There are many manifestations of Alzheimer’s, but probably the most notorious in the progression of the disease are the changes in the metabolism of amyloid β peptide (Aβ), preceding clinical symptoms [3], which basically consist in the accumulation of extracellular deposits called amyloid plaques, composed of Aβ protein aggregates of 38 to 43 amino-acids. The amyloid cascade hypothesis marks that cerebral accumulation of Aβ is a crucial player in the pathogenesis of the disease, due to the initiation of a neurotoxic cascade that leads to further neuronal death. The pharmacological treatments for AD can be symptomatic or etiology based. Symptomatic treatments include acetylcholinesterase inhibitors and N- methyl-D-aspartate (NMDA) receptor antagonists. In contrast, etiology-based treatments include secretase inhibitors, amyloid binders, and tau therapies. Alzheimer´s disease prevention is based on maintaining good daily habits and lifestyle interventions such as exercise, mental challenges, socialization, caloric restriction and a healthy diet [4].

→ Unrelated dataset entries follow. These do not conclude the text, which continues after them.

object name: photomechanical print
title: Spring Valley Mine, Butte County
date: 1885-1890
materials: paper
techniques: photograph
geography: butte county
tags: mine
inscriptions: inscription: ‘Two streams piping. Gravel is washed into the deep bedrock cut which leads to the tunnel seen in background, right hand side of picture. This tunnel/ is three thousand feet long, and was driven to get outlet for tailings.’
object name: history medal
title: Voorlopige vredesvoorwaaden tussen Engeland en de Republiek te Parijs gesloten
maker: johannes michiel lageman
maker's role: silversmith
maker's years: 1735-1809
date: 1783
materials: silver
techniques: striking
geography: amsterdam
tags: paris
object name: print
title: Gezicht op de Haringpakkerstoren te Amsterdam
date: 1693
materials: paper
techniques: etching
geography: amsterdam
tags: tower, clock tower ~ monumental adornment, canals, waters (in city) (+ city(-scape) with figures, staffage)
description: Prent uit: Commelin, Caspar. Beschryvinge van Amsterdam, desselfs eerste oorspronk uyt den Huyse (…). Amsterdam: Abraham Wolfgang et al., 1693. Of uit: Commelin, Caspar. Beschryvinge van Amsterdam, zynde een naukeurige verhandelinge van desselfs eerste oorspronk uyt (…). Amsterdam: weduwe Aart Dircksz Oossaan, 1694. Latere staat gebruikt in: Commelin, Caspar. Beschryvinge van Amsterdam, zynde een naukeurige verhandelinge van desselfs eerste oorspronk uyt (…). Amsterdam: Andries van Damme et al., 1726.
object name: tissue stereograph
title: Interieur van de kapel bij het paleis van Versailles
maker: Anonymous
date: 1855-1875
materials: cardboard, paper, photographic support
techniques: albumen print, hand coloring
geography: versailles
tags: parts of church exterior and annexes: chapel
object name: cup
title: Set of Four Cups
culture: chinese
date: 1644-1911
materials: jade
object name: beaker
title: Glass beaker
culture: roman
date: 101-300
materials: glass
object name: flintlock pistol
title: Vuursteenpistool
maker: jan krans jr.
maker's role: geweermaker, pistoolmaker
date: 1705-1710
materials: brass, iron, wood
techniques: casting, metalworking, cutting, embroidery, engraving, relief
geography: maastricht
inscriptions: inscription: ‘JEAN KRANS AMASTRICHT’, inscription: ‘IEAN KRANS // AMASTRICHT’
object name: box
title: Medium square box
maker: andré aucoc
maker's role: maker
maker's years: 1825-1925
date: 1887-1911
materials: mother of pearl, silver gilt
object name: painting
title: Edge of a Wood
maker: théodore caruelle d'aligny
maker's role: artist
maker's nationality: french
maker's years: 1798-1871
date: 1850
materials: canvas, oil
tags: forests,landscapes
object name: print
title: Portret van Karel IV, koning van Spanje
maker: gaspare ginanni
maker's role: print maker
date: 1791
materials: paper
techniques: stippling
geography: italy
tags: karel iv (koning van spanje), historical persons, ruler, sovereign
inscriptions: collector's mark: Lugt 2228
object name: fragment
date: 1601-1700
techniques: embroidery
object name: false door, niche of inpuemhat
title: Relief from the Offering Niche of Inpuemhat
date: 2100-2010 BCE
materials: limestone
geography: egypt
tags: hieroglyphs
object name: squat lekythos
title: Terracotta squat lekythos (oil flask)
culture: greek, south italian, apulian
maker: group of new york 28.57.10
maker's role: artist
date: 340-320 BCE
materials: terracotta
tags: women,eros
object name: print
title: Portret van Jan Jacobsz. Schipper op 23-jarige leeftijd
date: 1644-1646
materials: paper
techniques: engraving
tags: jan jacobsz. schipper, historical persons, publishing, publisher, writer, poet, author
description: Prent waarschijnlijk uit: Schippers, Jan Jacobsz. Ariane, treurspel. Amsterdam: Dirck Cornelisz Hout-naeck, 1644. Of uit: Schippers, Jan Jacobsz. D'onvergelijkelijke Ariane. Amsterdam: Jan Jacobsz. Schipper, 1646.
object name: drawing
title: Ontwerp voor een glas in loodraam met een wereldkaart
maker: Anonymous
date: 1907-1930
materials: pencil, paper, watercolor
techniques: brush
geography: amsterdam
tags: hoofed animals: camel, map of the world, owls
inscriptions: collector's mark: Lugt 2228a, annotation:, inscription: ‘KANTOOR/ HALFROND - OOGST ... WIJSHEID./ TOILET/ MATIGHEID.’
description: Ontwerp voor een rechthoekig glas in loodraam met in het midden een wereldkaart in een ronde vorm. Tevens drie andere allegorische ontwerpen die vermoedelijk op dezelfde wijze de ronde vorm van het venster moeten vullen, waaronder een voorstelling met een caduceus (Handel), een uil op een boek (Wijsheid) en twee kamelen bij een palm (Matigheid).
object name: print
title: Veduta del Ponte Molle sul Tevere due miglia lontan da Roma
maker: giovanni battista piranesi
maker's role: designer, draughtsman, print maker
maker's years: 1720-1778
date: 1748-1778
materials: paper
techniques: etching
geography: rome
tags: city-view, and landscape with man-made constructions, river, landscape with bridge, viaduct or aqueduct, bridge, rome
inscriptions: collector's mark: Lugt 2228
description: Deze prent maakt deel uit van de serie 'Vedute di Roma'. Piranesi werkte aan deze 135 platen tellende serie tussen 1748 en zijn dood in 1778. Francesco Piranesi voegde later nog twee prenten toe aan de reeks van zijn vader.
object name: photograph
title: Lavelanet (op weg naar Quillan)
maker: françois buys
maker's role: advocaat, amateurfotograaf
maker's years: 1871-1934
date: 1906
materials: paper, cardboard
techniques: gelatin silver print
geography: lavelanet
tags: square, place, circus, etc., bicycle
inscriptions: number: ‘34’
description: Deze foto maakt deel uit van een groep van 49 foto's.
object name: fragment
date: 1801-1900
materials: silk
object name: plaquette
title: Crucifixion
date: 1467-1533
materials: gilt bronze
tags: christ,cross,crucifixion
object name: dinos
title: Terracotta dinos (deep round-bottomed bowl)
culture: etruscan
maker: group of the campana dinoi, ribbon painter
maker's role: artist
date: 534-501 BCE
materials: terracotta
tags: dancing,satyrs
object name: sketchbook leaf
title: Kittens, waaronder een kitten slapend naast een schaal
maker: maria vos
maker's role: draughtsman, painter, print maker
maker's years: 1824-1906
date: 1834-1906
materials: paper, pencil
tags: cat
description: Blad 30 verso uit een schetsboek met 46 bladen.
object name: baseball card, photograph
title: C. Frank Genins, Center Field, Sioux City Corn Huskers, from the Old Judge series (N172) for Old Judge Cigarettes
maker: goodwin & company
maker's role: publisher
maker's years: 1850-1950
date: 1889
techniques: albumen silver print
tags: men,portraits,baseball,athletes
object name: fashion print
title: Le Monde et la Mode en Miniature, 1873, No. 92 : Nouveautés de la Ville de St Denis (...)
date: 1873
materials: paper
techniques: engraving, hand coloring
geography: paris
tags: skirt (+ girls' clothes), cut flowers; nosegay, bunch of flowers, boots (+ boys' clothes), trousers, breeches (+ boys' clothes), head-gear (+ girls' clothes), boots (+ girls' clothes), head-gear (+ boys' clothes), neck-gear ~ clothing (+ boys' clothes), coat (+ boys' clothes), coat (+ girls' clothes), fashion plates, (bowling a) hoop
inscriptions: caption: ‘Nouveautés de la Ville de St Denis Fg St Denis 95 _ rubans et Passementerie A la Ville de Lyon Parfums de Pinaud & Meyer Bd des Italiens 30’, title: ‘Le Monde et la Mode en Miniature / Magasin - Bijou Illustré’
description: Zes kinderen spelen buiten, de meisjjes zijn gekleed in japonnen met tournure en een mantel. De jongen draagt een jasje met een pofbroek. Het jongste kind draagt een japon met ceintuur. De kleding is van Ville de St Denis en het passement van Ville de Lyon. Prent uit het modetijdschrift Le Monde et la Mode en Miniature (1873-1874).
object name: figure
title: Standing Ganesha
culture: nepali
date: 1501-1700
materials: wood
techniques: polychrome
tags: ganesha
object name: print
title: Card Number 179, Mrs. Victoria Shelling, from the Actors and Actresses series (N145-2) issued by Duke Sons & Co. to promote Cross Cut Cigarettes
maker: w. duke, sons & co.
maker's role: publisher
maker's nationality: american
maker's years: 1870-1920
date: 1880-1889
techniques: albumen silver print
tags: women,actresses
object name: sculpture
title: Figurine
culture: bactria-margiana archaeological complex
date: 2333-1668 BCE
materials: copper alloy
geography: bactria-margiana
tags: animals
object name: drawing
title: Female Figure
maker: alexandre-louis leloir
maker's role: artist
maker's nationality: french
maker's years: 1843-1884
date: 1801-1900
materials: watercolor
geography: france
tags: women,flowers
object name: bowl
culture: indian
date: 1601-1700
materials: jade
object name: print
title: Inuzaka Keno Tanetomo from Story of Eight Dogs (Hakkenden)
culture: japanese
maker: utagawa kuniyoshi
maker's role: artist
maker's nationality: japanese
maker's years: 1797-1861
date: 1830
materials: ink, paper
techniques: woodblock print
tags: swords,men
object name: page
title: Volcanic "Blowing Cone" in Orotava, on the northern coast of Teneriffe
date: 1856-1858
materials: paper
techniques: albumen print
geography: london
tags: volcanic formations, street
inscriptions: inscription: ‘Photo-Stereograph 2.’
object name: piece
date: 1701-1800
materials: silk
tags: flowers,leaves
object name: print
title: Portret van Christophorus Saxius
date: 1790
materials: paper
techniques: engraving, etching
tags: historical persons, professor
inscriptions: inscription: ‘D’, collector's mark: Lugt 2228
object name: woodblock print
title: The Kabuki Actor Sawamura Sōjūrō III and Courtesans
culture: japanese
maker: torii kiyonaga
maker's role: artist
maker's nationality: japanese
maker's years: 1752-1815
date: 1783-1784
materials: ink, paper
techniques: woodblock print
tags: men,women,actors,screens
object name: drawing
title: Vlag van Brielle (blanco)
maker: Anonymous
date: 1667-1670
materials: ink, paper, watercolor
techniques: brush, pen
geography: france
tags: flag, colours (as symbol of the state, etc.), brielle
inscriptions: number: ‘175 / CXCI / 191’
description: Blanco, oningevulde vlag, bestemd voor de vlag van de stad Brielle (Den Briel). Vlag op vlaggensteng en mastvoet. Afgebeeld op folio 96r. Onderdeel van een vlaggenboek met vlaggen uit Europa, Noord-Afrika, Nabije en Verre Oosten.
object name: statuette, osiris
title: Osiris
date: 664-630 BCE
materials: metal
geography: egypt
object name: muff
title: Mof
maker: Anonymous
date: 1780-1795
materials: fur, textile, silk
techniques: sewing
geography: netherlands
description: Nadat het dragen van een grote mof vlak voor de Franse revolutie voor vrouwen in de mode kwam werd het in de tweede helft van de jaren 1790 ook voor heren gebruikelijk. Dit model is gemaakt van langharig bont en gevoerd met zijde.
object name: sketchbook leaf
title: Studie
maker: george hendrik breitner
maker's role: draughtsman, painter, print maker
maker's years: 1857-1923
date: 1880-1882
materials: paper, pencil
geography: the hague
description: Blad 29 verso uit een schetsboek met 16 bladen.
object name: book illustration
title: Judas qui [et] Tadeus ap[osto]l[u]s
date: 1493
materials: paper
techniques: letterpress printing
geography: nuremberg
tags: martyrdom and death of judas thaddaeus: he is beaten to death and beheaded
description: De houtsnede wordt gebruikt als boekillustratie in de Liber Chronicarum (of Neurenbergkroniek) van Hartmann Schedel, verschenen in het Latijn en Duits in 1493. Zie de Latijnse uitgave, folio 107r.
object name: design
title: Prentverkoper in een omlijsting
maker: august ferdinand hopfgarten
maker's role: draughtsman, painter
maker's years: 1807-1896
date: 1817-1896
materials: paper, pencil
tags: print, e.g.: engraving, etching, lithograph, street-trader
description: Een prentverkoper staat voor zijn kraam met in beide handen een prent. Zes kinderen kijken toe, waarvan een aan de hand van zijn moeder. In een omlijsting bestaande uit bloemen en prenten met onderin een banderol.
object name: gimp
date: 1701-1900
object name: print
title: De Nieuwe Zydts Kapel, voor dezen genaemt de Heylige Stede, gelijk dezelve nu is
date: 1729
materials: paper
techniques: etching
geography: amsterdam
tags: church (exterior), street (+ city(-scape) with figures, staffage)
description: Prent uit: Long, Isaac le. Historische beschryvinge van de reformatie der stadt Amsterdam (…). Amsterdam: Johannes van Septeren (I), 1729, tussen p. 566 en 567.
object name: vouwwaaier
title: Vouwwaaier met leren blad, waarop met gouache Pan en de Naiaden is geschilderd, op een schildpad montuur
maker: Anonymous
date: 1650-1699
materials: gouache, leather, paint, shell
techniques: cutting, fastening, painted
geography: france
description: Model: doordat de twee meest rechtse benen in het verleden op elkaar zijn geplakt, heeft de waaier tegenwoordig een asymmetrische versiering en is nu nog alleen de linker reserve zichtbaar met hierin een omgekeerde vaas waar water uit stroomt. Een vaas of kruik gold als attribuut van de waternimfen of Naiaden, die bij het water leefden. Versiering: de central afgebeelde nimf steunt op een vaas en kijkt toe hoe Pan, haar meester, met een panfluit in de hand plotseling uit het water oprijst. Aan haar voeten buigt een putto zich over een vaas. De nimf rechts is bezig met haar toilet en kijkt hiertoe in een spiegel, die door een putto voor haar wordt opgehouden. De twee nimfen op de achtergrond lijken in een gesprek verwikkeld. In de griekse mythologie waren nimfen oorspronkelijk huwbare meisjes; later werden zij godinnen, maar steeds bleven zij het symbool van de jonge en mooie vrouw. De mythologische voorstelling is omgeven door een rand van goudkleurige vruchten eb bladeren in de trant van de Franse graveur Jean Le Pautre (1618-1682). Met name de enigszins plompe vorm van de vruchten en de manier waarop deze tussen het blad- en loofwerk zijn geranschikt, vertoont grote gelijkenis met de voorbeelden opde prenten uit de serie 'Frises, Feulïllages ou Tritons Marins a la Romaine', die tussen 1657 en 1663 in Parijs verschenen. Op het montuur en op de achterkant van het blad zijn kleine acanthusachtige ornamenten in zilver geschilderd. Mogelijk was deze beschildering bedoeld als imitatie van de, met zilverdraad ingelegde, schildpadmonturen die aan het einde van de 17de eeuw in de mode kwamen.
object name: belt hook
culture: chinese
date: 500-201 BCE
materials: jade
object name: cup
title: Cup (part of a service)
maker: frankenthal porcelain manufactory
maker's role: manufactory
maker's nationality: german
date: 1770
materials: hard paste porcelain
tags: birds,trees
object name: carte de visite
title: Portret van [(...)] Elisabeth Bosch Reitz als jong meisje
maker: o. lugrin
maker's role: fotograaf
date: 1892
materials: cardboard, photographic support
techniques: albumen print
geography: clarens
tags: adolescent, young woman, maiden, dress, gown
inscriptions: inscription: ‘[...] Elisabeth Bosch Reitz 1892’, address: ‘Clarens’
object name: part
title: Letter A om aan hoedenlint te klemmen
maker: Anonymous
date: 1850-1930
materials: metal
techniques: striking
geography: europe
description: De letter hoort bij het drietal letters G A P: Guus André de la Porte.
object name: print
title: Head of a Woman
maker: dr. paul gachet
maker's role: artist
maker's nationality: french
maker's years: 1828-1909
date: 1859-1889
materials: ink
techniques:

The enzyme responsible for catalyzing the initial cleavage of the amyloid precursor protein (APP) to generate Aβ is β-secretase 1, widely known as β-site amyloid precursor protein cleaving enzyme 1 (BACE1). Genetic alterations in APP are related to early onset of AD, implicating that the amyloid pathway and non-regularities present in Aβ production are critical in the disease analysis [5, 6]. Given the role of BACE1 in Alzheimer’s, its inhibition is thought as a possible blocker of one of the earliest pathological events in the disease, expecting benefits to the patients [3, 5, 6]. Therefore, understanding the dynamics of BACE1 and its homologue BACE2 [7] molecules helps the structural analysis and the study of molecular interaction, opening the way to inhibition or production regulation of the main precursor in Alzheimer’s disease.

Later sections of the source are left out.